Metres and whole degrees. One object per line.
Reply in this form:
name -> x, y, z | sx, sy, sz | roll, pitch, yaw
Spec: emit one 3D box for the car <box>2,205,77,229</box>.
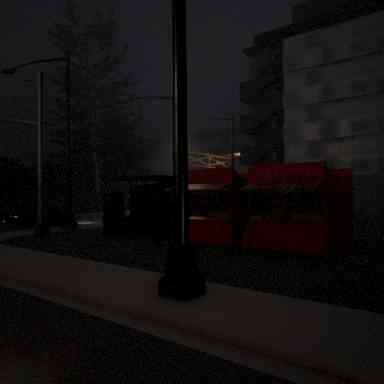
car -> -9.990, 1.598, 22.082 | 1.812, 1.442, 4.674 | -1, -1, 37
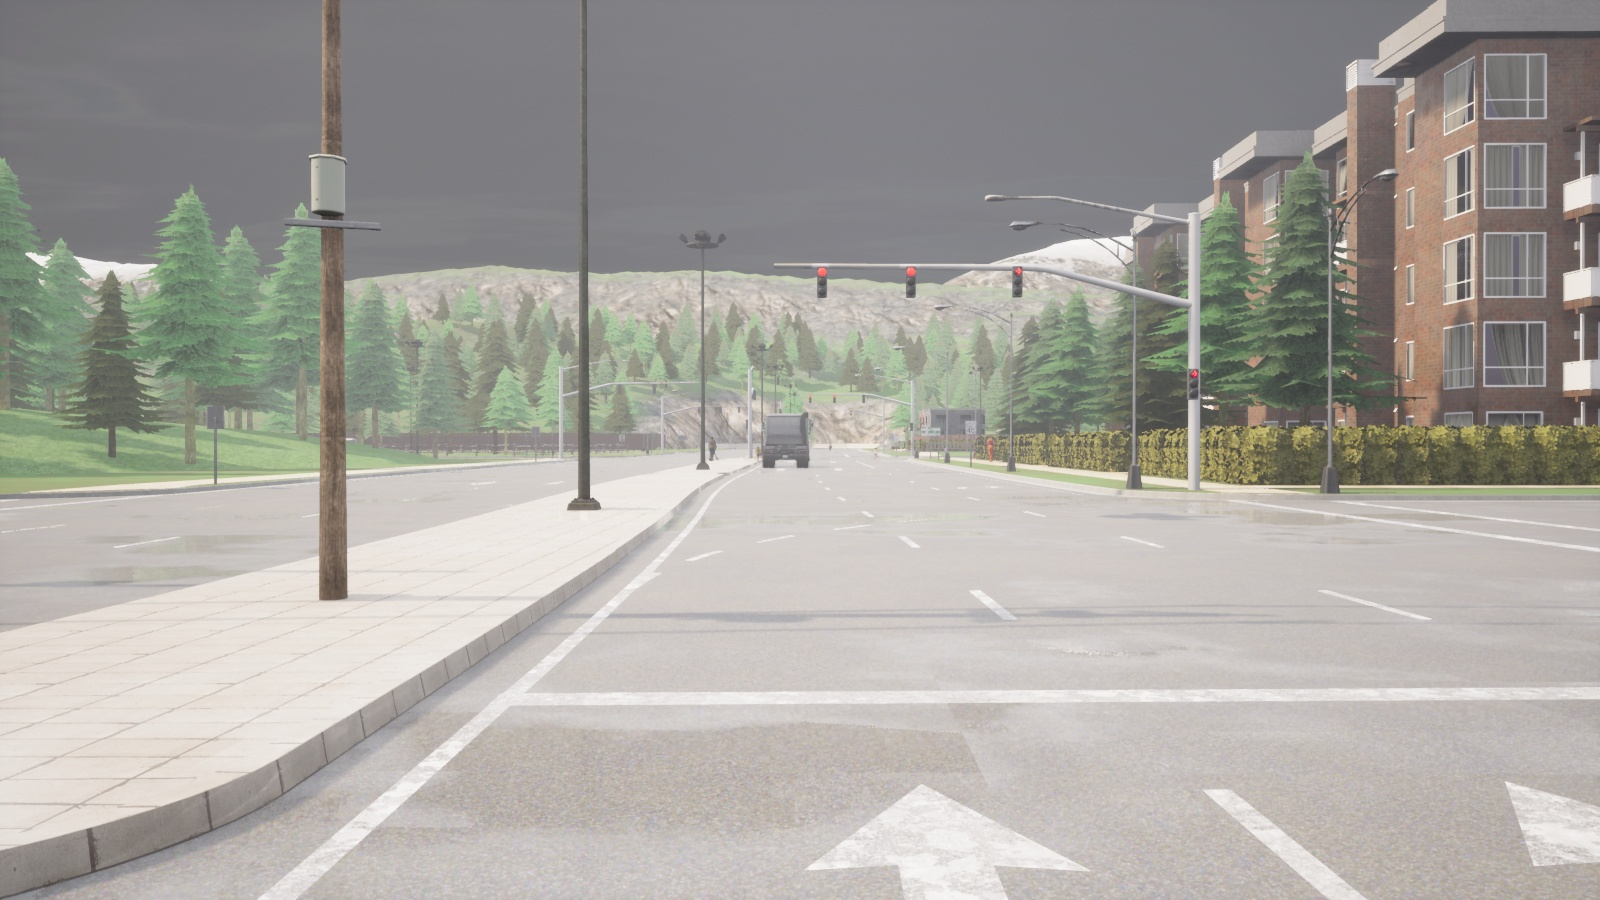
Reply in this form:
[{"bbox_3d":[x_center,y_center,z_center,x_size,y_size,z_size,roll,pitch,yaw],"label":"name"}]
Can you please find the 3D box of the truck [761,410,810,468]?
[{"bbox_3d":[-0.838,-0.677,78.090,2.891,3.462,7.936,0,0,0],"label":"truck"}]
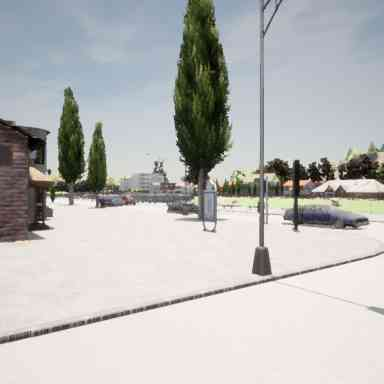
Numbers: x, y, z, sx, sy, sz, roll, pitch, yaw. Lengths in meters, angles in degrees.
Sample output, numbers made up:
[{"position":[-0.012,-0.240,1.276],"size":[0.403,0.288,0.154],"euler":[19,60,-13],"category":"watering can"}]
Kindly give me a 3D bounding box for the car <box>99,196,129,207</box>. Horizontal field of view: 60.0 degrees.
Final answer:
[{"position":[-11.705,1.351,49.751],"size":[2.097,1.767,4.553],"euler":[0,0,-35],"category":"car"}]

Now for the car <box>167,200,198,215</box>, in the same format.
[{"position":[-0.867,1.564,34.605],"size":[1.994,1.385,4.181],"euler":[0,0,-36],"category":"car"}]

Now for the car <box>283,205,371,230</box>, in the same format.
[{"position":[8.480,1.547,21.540],"size":[2.033,1.411,5.357],"euler":[0,0,-35],"category":"car"}]

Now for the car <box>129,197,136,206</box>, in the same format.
[{"position":[-10.938,1.526,55.800],"size":[1.812,1.442,4.674],"euler":[0,0,-36],"category":"car"}]
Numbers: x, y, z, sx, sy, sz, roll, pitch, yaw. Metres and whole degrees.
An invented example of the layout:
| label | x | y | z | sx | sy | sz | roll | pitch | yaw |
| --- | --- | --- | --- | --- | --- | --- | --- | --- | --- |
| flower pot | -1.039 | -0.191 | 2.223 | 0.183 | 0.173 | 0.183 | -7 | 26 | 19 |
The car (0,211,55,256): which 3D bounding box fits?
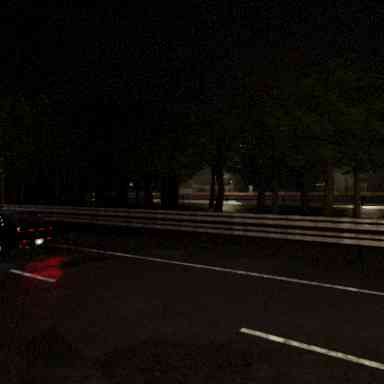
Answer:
| label | x | y | z | sx | sy | sz | roll | pitch | yaw |
| --- | --- | --- | --- | --- | --- | --- | --- | --- | --- |
| car | -7.470 | 1.511 | 13.247 | 4.892 | 1.490 | 1.837 | 0 | 0 | 34 |
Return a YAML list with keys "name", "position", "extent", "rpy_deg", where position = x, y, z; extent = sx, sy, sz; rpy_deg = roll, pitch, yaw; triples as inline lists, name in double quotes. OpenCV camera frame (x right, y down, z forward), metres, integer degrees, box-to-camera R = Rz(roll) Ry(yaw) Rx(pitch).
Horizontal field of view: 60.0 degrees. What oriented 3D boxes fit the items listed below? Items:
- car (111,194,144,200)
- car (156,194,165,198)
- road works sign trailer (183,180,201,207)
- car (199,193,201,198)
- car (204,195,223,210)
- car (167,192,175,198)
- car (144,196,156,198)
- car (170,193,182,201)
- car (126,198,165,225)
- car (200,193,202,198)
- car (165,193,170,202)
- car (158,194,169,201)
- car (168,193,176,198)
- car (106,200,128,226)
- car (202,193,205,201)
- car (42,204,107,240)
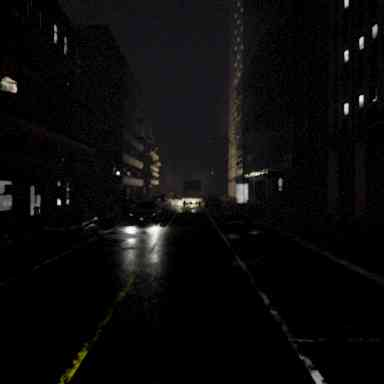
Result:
- name: "car"
  position: [-5.688, 1.129, 27.432]
  extent: [2.192, 1.841, 5.009]
  rpy_deg: [0, 0, 0]
- name: "car"
  position: [-5.685, 1.217, 50.027]
  extent: [2.008, 1.369, 4.403]
  rpy_deg: [0, 0, 0]
- name: "road works sign trailer"
  position: [0.005, 0.165, 44.530]
  extent: [2.380, 3.560, 2.880]
  rpy_deg: [0, 0, 0]
- name: "car"
  position: [2.697, 1.160, 61.323]
  extent: [1.947, 1.339, 4.313]
  rpy_deg: [0, 0, 0]
- name: "car"
  position: [2.694, 1.263, 38.899]
  extent: [1.752, 1.417, 4.829]
  rpy_deg: [0, 0, 0]
- name: "car"
  position: [-5.680, 0.868, 89.565]
  extent: [1.967, 1.590, 4.097]
  rpy_deg: [0, 0, 0]
- name: "car"
  position: [-5.686, 1.180, 38.730]
  extent: [1.967, 1.590, 4.097]
  rpy_deg: [0, 0, 0]
- name: "car"
  position: [-3.008, 1.094, 65.594]
  extent: [1.812, 1.442, 4.674]
  rpy_deg: [0, 0, 1]
- name: "car"
  position: [-3.098, 1.370, 22.744]
  extent: [1.812, 1.442, 4.674]
  rpy_deg: [0, 0, 0]
- name: "car"
  position: [2.695, 1.216, 50.027]
  extent: [2.008, 1.369, 4.403]
  rpy_deg: [0, 0, 0]
- name: "car"
  position: [-5.684, 1.162, 61.324]
  extent: [1.947, 1.339, 4.313]
  rpy_deg: [0, 0, 0]
- name: "car"
  position: [-5.683, 1.088, 66.803]
  extent: [1.752, 1.417, 4.829]
  rpy_deg: [0, 0, 0]
- name: "car"
  position: [-5.679, 0.977, 95.215]
  extent: [1.802, 1.307, 4.206]
  rpy_deg: [0, 0, 0]
- name: "car"
  position: [-5.688, 1.433, 21.785]
  extent: [1.802, 1.307, 4.206]
  rpy_deg: [0, 0, 0]
- name: "car"
  position: [2.695, 1.142, 44.376]
  extent: [1.967, 1.590, 4.097]
  rpy_deg: [0, 0, 0]
- name: "car"
  position: [-5.689, 1.470, 16.137]
  extent: [1.802, 1.307, 4.206]
  rpy_deg: [0, 0, 0]
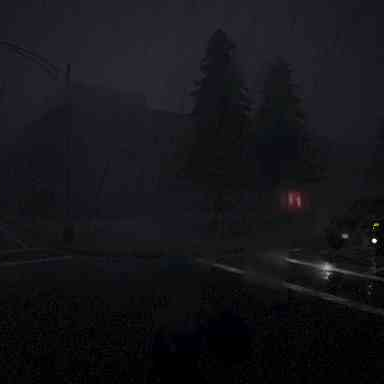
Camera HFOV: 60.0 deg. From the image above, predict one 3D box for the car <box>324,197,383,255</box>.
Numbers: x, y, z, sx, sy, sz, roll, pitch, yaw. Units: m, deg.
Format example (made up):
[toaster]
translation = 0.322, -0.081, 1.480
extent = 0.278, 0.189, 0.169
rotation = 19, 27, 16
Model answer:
[car]
translation = 7.779, 1.248, 13.701
extent = 5.566, 2.045, 2.150
rotation = 0, 0, -36
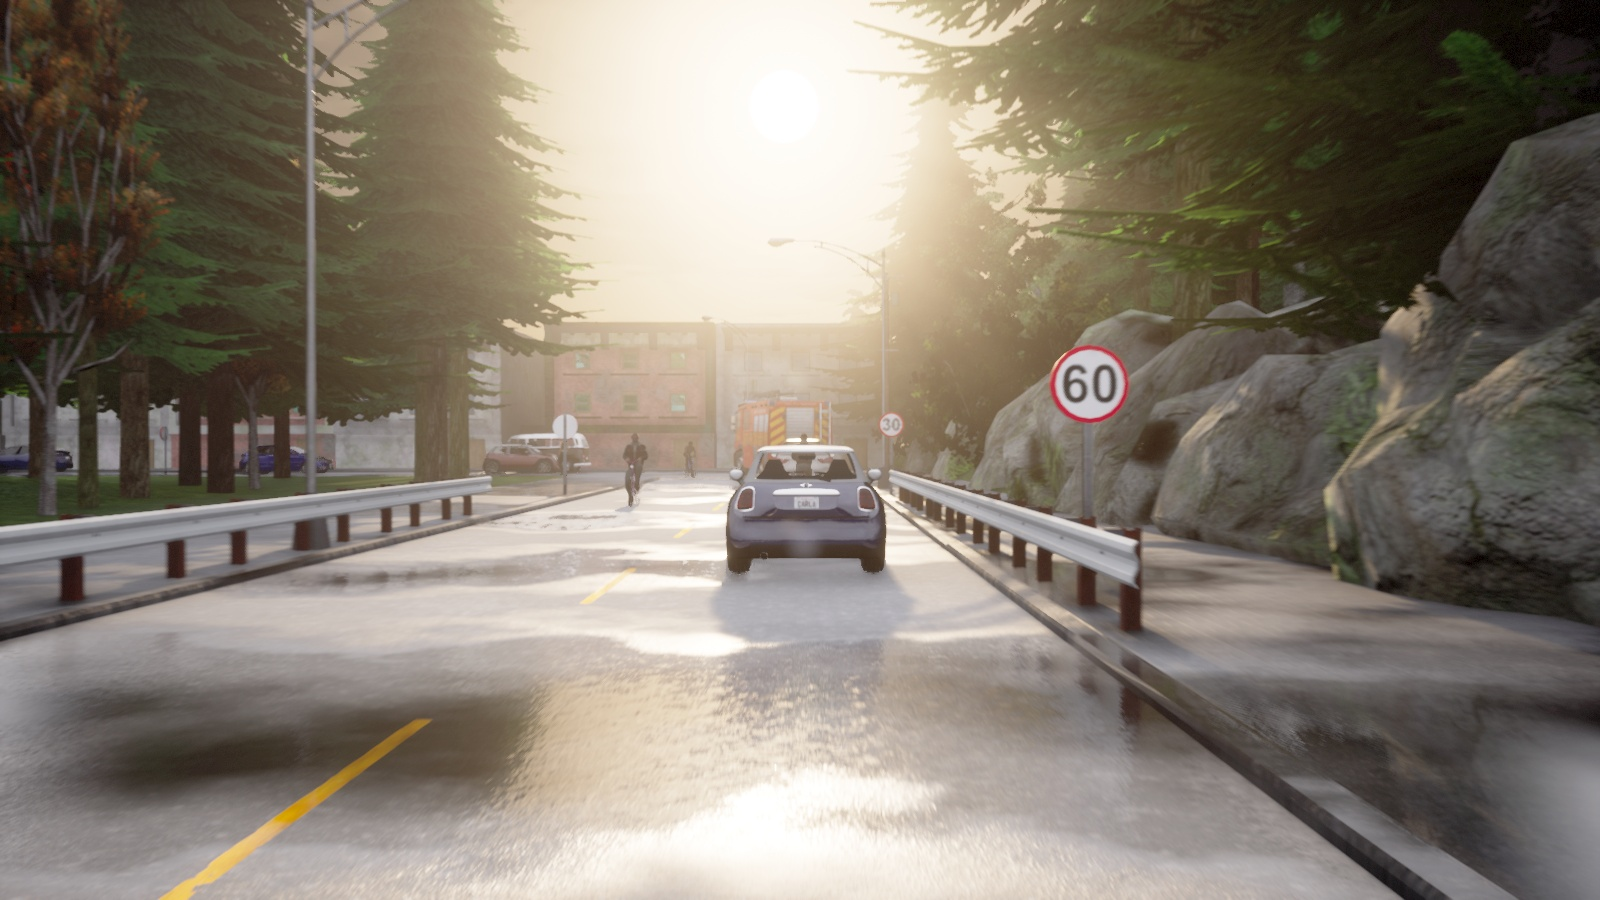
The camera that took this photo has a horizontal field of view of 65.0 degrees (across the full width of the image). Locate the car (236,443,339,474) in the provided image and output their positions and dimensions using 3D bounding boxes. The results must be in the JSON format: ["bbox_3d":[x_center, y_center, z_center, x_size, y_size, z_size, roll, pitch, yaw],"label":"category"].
[{"bbox_3d":[-24.708,0.418,60.625,4.193,1.474,1.816,0,0,0],"label":"car"}]

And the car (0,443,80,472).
[{"bbox_3d":[-40.152,0.369,64.738,4.792,1.488,2.163,0,0,0],"label":"car"}]

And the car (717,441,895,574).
[{"bbox_3d":[0.069,0.628,15.807,1.970,1.475,3.806,0,0,0],"label":"car"}]

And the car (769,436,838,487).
[{"bbox_3d":[0.113,0.360,43.423,2.242,1.667,4.611,0,0,0],"label":"car"}]

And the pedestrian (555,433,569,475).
[{"bbox_3d":[-10.408,0.156,54.982,0.345,1.836,0.594,0,0,-41],"label":"pedestrian"}]

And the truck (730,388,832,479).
[{"bbox_3d":[-1.006,-0.721,57.217,2.891,3.827,8.468,0,0,-13],"label":"truck"}]

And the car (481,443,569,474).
[{"bbox_3d":[-13.214,0.380,60.539,3.806,1.475,1.970,0,0,0],"label":"car"}]

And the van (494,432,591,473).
[{"bbox_3d":[-13.178,0.116,64.504,4.480,2.038,2.069,0,0,3],"label":"van"}]

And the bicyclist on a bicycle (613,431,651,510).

--*--

- **What you will do**
Transcribe the whole of the data exactly, minus any pictures.

- **The answer**
Metres and whole degrees. One object per line.
Reply in this form:
name -> x, y, z | sx, sy, sz | roll, pitch, yaw
Spec: emit one 3D box for the car <box>2,205,77,229</box>.
car -> -9.990, 1.598, 22.082 | 1.812, 1.442, 4.674 | -1, -1, 37
Reply in this form:
[{"bbox_3d":[x_center,y_center,z_center,x_size,y_size,z_size,roll,pitch,yaw],"label":"name"}]
Can you please find the 3D box of the truck [761,410,810,468]?
[{"bbox_3d":[-0.838,-0.677,78.090,2.891,3.462,7.936,0,0,0],"label":"truck"}]
Numbers: x, y, z, sx, sy, sz, roll, pitch, yaw. Lengths in meters, angles in degrees.
Sample output, numbers made up:
[{"position":[-0.012,-0.240,1.276],"size":[0.403,0.288,0.154],"euler":[19,60,-13],"category":"watering can"}]
Kindly give me a 3D bounding box for the car <box>99,196,129,207</box>. Horizontal field of view: 60.0 degrees.
Final answer:
[{"position":[-11.705,1.351,49.751],"size":[2.097,1.767,4.553],"euler":[0,0,-35],"category":"car"}]

Now for the car <box>167,200,198,215</box>, in the same format.
[{"position":[-0.867,1.564,34.605],"size":[1.994,1.385,4.181],"euler":[0,0,-36],"category":"car"}]

Now for the car <box>283,205,371,230</box>, in the same format.
[{"position":[8.480,1.547,21.540],"size":[2.033,1.411,5.357],"euler":[0,0,-35],"category":"car"}]

Now for the car <box>129,197,136,206</box>, in the same format.
[{"position":[-10.938,1.526,55.800],"size":[1.812,1.442,4.674],"euler":[0,0,-36],"category":"car"}]
Numbers: x, y, z, sx, sy, sz, roll, pitch, yaw. Metres and whole degrees.
An invented example of the layout:
| label | x | y | z | sx | sy | sz | roll | pitch | yaw |
| --- | --- | --- | --- | --- | --- | --- | --- | --- | --- |
| flower pot | -1.039 | -0.191 | 2.223 | 0.183 | 0.173 | 0.183 | -7 | 26 | 19 |
The car (0,211,55,256): which 3D bounding box fits?
Answer:
| label | x | y | z | sx | sy | sz | roll | pitch | yaw |
| --- | --- | --- | --- | --- | --- | --- | --- | --- | --- |
| car | -7.470 | 1.511 | 13.247 | 4.892 | 1.490 | 1.837 | 0 | 0 | 34 |
Return a YAML list with keys "name", "position", "extent", "rpy_deg", where position = x, y, z; extent = sx, sy, sz; rpy_deg = roll, pitch, yaw; triples as inline lists, name in double quotes. OpenCV camera frame (x right, y down, z forward), metres, integer degrees, box-to-camera R = Rz(roll) Ry(yaw) Rx(pitch).
Horizontal field of view: 60.0 degrees. What oriented 3D boxes fit the items listed below? Items:
- car (111,194,144,200)
- car (156,194,165,198)
- road works sign trailer (183,180,201,207)
- car (199,193,201,198)
- car (204,195,223,210)
- car (167,192,175,198)
- car (144,196,156,198)
- car (170,193,182,201)
- car (126,198,165,225)
- car (200,193,202,198)
- car (165,193,170,202)
- car (158,194,169,201)
- car (168,193,176,198)
- car (106,200,128,226)
- car (202,193,205,201)
- car (42,204,107,240)
Result:
- name: "car"
  position: [-5.688, 1.129, 27.432]
  extent: [2.192, 1.841, 5.009]
  rpy_deg: [0, 0, 0]
- name: "car"
  position: [-5.685, 1.217, 50.027]
  extent: [2.008, 1.369, 4.403]
  rpy_deg: [0, 0, 0]
- name: "road works sign trailer"
  position: [0.005, 0.165, 44.530]
  extent: [2.380, 3.560, 2.880]
  rpy_deg: [0, 0, 0]
- name: "car"
  position: [2.697, 1.160, 61.323]
  extent: [1.947, 1.339, 4.313]
  rpy_deg: [0, 0, 0]
- name: "car"
  position: [2.694, 1.263, 38.899]
  extent: [1.752, 1.417, 4.829]
  rpy_deg: [0, 0, 0]
- name: "car"
  position: [-5.680, 0.868, 89.565]
  extent: [1.967, 1.590, 4.097]
  rpy_deg: [0, 0, 0]
- name: "car"
  position: [-5.686, 1.180, 38.730]
  extent: [1.967, 1.590, 4.097]
  rpy_deg: [0, 0, 0]
- name: "car"
  position: [-3.008, 1.094, 65.594]
  extent: [1.812, 1.442, 4.674]
  rpy_deg: [0, 0, 1]
- name: "car"
  position: [-3.098, 1.370, 22.744]
  extent: [1.812, 1.442, 4.674]
  rpy_deg: [0, 0, 0]
- name: "car"
  position: [2.695, 1.216, 50.027]
  extent: [2.008, 1.369, 4.403]
  rpy_deg: [0, 0, 0]
- name: "car"
  position: [-5.684, 1.162, 61.324]
  extent: [1.947, 1.339, 4.313]
  rpy_deg: [0, 0, 0]
- name: "car"
  position: [-5.683, 1.088, 66.803]
  extent: [1.752, 1.417, 4.829]
  rpy_deg: [0, 0, 0]
- name: "car"
  position: [-5.679, 0.977, 95.215]
  extent: [1.802, 1.307, 4.206]
  rpy_deg: [0, 0, 0]
- name: "car"
  position: [-5.688, 1.433, 21.785]
  extent: [1.802, 1.307, 4.206]
  rpy_deg: [0, 0, 0]
- name: "car"
  position: [2.695, 1.142, 44.376]
  extent: [1.967, 1.590, 4.097]
  rpy_deg: [0, 0, 0]
- name: "car"
  position: [-5.689, 1.470, 16.137]
  extent: [1.802, 1.307, 4.206]
  rpy_deg: [0, 0, 0]
Camera HFOV: 60.0 deg. From the image above, predict one 3D box for the car <box>324,197,383,255</box>.
Numbers: x, y, z, sx, sy, sz, roll, pitch, yaw. Units: m, deg.
Format example (made up):
[toaster]
translation = 0.322, -0.081, 1.480
extent = 0.278, 0.189, 0.169
rotation = 19, 27, 16
Model answer:
[car]
translation = 7.779, 1.248, 13.701
extent = 5.566, 2.045, 2.150
rotation = 0, 0, -36
The camera that took this photo has a horizontal field of view of 65.0 degrees (across the full width of the image). Locate the car (236,443,339,474) in the provided image and output their positions and dimensions using 3D bounding boxes. The results must be in the JSON format: ["bbox_3d":[x_center, y_center, z_center, x_size, y_size, z_size, roll, pitch, yaw],"label":"category"].
[{"bbox_3d":[-24.708,0.418,60.625,4.193,1.474,1.816,0,0,0],"label":"car"}]

And the car (0,443,80,472).
[{"bbox_3d":[-40.152,0.369,64.738,4.792,1.488,2.163,0,0,0],"label":"car"}]

And the car (717,441,895,574).
[{"bbox_3d":[0.069,0.628,15.807,1.970,1.475,3.806,0,0,0],"label":"car"}]

And the car (769,436,838,487).
[{"bbox_3d":[0.113,0.360,43.423,2.242,1.667,4.611,0,0,0],"label":"car"}]

And the pedestrian (555,433,569,475).
[{"bbox_3d":[-10.408,0.156,54.982,0.345,1.836,0.594,0,0,-41],"label":"pedestrian"}]

And the truck (730,388,832,479).
[{"bbox_3d":[-1.006,-0.721,57.217,2.891,3.827,8.468,0,0,-13],"label":"truck"}]

And the car (481,443,569,474).
[{"bbox_3d":[-13.214,0.380,60.539,3.806,1.475,1.970,0,0,0],"label":"car"}]

And the van (494,432,591,473).
[{"bbox_3d":[-13.178,0.116,64.504,4.480,2.038,2.069,0,0,3],"label":"van"}]

And the bicyclist on a bicycle (613,431,651,510).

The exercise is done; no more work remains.